Plant diseases and insect pests is one of the important factors influencing the agricultural product safety and yield. Excessive application of pesticide and fungicide to control the plant diseases and insect pests led to the deterioration of the ecological and food problems. In addition to the crop varieties and the global warming, one of the main factors for the recent increase in frequency and severity of plant diseases and insect pests is still lacking of adequate surveys to detect incipient damage and plan appropriate control operations. The remote sensing technology has great advantage of plant diseases and insect pests forecasting due to the characteristic of real time, dynamic and non-touch. On the basis of field survey and spectrum measurement, understanding to remote sensing mechanism and plant diseases and insect pests feature spectrum theory thoroughly, this paper focused on the feasibility of retrieval of environment elements, the relationship between the feature spectrum in the field and the remote sensing digital image, and using the plant diseases and insect pests feature spectrum to extract the damage information from the satellite remote sensing digital image. The main contents are as follows:
     The canopy reflectance of different plant diseases and insect pests was measured by using ASD hand-held spectroradiometers. The reflectance data was transformed by the method of first differential coefficient, logarithm and normalization, then stepwise discriminate analysis and hierarchical clustering were used to identify the different plant diseases and insect pests. The results suggested that bands selected from stepwise discrimination analysis mainly lied along the blue, green, red and near-infrared bands. In addition to the blue, green, red and near-infrared bands, the spectral bands along the blue-green edge, green-red edge and red curves were selected by the hierarchical clustering. Plant diseases and insect pests could be identified more accurate by using selected bands than the original data, the highest recognition accuracy of up to 90.6%, and the bands lying along the edges had important information for discrimination of plant diseases and pests. The spectral data, dealt with the transformation of logarithm and differential coefficient, could achieve better accuracy than others.
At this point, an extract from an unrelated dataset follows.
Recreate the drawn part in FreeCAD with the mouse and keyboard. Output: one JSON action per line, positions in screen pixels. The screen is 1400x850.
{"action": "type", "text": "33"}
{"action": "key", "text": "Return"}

     Using ASD Hand-held Spectroradiometers and low altitude remote sensing system measured the canopy reflectance of wheat damaged by wheat powdery mildew and, at the same time, scored the disease index (DI). The correlation between reflectance and DI and normalized difference vegetable index (NDVI) and DI was calculated. The results showed that the correlation between reflectance and DI was significant during the stage of milk-filling. The results of in-field measurement showed that the correlation between near infrared reflectance and DI was higher than that of green band with the correlation coefficient of -0.79 and -0.54, respectively. The reflectance correlation between red, green and blue bands decreased in the order with the correlation coefficient of -0.79, -0.75 and -0.62, respectively. The reflectance of low altitude remote sensing was well correlated with NDVI moreover. The correlation coefficients were 0.70, 0.68 and 0.54 for blue, red and green band, respectively.
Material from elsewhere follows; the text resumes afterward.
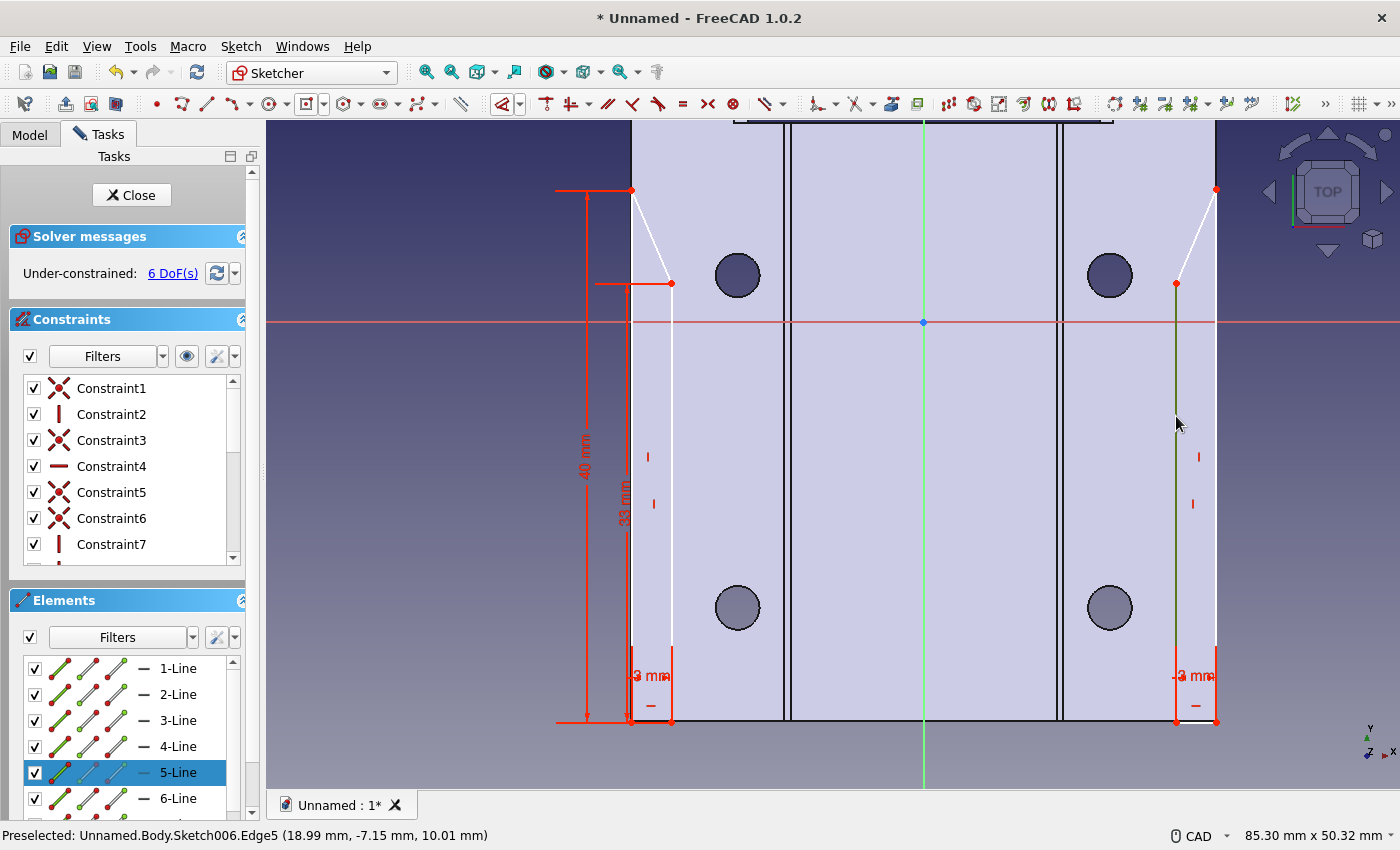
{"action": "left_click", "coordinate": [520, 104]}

     The land surface temperature (LST) was retrieved from NOAA image by the method of split window algorithm, and it was found that there were correlation coefficients maximal to 0.93 (P<0.01) between LSTs from remote sensing and those from ground observation, but the LST generally higher than observations. Analysis of the time sequence NOAA-NDVI image suggested that winter wheat NDVI had the obvious regulation. On the basis of in field investigation and hyperspectral reflectance data established the correlation equation: NDVI = -3×10~(-3)x + 0.623, R =0.918 (P<0.01). The aphid damage level from NOAA-NDVI image was retrieved based on above equation, at the same time; the other vegetation elements and winter wheat distribution were retrieved by the NOAA-NDVI image.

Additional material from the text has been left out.